Distance from the sea: Another factor that influences the temperature is the location of a place
concerning the sea. Compared to land, the sea gets heated slowly and loses heat slowly. Land
heats up and cools down quickly. Therefore, the variation in temperature over the sea is less
compared to land. The places situated near the sea come under the moderating influence of the sea
and land breezes which moderate the temperature.
Air-mass: Like the land and sea breezes, the passage of air masses also affects the temperature.
The places, which come under the influence of warm air-masses experience higher temperature, and
the places that come under the influence of cold air masses experience low temperature.
Ocean currents
Similarly, the places located on the coast where the warm ocean currents flow record higher
temperatures than the places located on the coast where the cold currents flow.
Isotherms are lines joining places having an equal
temperature.
Fig no. 9.4 (a) distribution of surface
the temperature in January
Figure 9.4 (a) and (b) show the distribution of
surface air temperature in January
and July.
1. In general the effect of the latitude on
temperature is well pronounced on the map,
2. the isotherms are generally parallel to the
latitude.
3. The deviation from this general trend is more pronounced in January than in July, especially in
the northern hemisphere.
4. In the northern hemisphere the land surface area is much larger than in the southern hemisphere.

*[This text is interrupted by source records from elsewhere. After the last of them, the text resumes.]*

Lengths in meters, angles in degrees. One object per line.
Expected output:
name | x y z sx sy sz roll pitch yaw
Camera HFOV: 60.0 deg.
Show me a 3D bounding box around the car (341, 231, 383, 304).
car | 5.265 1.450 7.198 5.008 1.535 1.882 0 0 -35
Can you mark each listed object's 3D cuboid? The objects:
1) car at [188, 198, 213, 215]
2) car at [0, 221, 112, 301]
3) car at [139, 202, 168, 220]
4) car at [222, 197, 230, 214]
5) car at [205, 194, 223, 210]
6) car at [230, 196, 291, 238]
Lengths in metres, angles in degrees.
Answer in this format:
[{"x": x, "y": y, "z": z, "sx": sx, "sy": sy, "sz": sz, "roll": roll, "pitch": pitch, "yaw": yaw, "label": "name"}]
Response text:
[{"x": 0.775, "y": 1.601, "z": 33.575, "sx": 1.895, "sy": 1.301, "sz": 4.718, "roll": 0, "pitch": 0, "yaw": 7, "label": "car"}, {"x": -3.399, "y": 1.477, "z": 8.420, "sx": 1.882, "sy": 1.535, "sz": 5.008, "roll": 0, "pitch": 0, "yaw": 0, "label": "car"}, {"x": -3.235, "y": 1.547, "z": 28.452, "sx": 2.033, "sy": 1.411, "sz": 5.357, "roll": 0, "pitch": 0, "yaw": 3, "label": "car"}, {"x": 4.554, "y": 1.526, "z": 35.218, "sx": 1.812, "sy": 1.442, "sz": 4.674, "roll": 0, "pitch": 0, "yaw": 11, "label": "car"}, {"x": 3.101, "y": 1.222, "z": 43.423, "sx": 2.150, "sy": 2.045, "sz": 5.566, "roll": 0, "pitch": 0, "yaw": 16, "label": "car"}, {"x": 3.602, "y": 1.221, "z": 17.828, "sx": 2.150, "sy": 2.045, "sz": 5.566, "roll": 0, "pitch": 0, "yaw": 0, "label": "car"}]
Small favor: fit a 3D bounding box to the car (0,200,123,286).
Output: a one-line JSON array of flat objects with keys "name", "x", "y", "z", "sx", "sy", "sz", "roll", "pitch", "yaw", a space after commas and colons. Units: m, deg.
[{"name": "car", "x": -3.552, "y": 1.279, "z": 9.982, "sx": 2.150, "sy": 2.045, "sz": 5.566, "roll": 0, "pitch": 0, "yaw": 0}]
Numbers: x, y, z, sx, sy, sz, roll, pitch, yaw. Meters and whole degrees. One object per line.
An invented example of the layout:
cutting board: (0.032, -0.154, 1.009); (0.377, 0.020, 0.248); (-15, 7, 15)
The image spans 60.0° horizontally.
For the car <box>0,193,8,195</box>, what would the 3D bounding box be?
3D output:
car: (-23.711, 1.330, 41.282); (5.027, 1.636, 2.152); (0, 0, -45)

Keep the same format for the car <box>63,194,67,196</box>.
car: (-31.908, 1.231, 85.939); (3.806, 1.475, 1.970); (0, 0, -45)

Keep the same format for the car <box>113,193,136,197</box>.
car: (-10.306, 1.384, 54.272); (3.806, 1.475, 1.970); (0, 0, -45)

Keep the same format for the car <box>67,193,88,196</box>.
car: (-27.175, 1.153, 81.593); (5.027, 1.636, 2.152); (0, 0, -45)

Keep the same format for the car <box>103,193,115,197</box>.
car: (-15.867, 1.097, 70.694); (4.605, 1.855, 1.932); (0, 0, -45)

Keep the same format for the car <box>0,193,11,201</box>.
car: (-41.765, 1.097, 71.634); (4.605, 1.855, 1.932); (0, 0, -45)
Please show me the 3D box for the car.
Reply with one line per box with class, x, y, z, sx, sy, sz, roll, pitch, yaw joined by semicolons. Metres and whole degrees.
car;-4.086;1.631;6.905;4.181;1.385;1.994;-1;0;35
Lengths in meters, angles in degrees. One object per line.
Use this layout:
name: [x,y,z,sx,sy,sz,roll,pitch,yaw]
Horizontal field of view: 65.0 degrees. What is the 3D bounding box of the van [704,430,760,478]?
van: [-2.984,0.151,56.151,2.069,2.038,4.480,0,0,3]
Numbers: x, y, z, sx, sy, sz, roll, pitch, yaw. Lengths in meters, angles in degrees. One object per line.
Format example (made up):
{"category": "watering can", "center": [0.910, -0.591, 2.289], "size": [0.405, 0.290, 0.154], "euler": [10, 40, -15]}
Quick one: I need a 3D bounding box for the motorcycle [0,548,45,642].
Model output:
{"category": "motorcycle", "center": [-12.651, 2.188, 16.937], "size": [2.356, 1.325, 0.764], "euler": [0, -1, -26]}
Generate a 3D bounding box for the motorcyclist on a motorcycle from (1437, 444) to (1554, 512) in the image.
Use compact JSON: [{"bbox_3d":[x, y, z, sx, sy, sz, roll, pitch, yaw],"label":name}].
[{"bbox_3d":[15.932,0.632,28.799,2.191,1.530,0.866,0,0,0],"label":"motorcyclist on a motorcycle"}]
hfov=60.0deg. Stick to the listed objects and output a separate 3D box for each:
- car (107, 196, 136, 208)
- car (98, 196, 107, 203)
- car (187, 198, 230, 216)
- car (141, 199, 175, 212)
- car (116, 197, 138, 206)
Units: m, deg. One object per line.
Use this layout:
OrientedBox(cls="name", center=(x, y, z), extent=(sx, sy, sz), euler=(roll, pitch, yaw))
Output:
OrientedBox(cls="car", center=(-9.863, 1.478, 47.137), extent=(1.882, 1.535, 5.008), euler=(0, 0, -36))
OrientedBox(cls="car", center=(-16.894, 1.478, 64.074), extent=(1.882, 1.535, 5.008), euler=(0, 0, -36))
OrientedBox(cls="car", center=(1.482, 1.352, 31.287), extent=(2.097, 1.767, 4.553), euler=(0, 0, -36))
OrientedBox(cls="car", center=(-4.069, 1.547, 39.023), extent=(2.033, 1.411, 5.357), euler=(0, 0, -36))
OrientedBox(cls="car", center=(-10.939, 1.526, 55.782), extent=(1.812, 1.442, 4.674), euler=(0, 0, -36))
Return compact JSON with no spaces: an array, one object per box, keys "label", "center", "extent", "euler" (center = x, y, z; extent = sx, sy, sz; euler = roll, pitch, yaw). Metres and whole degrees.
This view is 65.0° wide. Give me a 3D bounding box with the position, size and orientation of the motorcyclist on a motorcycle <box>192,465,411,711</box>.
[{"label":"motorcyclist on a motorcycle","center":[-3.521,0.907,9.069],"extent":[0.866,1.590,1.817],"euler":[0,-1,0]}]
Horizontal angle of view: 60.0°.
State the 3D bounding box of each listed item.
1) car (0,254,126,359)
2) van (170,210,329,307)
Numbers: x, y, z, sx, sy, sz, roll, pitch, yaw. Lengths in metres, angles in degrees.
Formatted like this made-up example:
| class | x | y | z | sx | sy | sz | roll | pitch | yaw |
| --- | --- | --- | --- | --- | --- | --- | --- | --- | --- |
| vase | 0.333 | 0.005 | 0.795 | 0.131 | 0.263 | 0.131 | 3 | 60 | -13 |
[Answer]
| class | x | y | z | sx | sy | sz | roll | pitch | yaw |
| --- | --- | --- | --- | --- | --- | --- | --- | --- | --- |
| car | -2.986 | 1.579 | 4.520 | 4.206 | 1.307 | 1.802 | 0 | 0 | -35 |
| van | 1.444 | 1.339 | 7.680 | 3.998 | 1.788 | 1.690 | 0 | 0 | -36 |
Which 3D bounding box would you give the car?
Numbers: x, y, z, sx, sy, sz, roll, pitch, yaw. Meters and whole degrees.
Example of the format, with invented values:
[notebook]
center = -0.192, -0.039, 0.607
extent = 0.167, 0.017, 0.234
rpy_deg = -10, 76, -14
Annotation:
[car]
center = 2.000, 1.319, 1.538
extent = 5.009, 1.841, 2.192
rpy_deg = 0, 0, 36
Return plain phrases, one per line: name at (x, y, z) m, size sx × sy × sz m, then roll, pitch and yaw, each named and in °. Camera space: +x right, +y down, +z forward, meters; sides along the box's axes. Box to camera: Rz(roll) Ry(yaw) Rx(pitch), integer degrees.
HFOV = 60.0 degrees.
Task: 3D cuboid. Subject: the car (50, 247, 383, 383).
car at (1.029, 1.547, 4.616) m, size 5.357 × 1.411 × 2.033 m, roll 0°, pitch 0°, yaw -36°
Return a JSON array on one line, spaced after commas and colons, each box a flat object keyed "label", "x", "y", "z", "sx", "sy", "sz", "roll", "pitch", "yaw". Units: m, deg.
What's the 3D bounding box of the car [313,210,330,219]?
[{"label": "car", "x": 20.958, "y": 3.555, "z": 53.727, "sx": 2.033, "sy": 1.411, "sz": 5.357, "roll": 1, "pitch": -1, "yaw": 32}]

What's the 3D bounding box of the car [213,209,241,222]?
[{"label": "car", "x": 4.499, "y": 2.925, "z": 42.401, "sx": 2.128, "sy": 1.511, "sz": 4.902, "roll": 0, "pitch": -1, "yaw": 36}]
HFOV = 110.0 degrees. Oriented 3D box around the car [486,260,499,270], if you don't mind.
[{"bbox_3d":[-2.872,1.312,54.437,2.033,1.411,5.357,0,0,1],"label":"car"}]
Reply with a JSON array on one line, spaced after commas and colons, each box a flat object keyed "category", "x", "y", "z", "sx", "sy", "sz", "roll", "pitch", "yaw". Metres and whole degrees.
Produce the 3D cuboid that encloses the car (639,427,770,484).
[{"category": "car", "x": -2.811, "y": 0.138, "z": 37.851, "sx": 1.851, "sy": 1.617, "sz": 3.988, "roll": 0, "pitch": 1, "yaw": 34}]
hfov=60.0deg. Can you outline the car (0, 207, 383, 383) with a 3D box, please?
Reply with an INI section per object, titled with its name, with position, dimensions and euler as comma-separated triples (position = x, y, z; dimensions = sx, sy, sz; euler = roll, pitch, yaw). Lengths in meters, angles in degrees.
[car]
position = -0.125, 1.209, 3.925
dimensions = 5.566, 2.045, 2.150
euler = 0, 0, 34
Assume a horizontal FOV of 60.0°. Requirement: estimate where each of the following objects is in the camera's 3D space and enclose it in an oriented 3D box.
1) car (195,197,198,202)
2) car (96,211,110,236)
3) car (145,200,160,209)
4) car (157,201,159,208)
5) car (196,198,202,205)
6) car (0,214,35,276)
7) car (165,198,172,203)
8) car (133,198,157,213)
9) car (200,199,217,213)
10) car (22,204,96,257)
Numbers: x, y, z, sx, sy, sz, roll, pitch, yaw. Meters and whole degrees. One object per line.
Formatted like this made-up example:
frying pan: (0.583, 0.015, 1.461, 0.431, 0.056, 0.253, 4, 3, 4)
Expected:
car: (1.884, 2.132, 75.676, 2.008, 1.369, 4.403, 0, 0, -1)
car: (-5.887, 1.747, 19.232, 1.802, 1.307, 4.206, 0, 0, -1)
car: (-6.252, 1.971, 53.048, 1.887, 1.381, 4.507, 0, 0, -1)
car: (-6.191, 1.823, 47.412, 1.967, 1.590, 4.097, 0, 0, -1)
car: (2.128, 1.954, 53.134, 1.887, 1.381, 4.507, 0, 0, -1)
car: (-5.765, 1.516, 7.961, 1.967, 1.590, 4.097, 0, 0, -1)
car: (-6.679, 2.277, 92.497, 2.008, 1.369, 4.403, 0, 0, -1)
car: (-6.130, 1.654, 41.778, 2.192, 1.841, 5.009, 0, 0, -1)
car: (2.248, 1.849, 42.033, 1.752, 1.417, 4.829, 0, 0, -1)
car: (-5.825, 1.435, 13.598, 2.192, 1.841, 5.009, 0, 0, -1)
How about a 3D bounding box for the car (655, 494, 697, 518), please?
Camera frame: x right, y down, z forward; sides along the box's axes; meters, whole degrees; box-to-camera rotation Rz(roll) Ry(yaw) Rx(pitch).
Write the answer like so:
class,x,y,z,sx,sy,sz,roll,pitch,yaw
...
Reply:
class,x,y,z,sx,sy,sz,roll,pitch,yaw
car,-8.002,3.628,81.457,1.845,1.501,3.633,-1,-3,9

5 . Hence, the effects of landmass and ocean currents are well pronounced.
In January the isotherms deviate to the north over the ocean and to the south over the continent.
This can be seen on the North Atlantic Ocean.
INVERSION OF TEMPERATURE
Normally, temperature decreases with an increase in elevation. It is called the normal lapse rate. At times,
the situation is reversed and the normal lapse rate is inverted. It is called Inversion of temperature.
Inversion is usually of short duration but quite common nonetheless. A long winter night with clear
skies and still air is an ideal situation for inversion. The heat of the day is radiated off during the night,
and by early morning hours, the earth is cooler than the air above.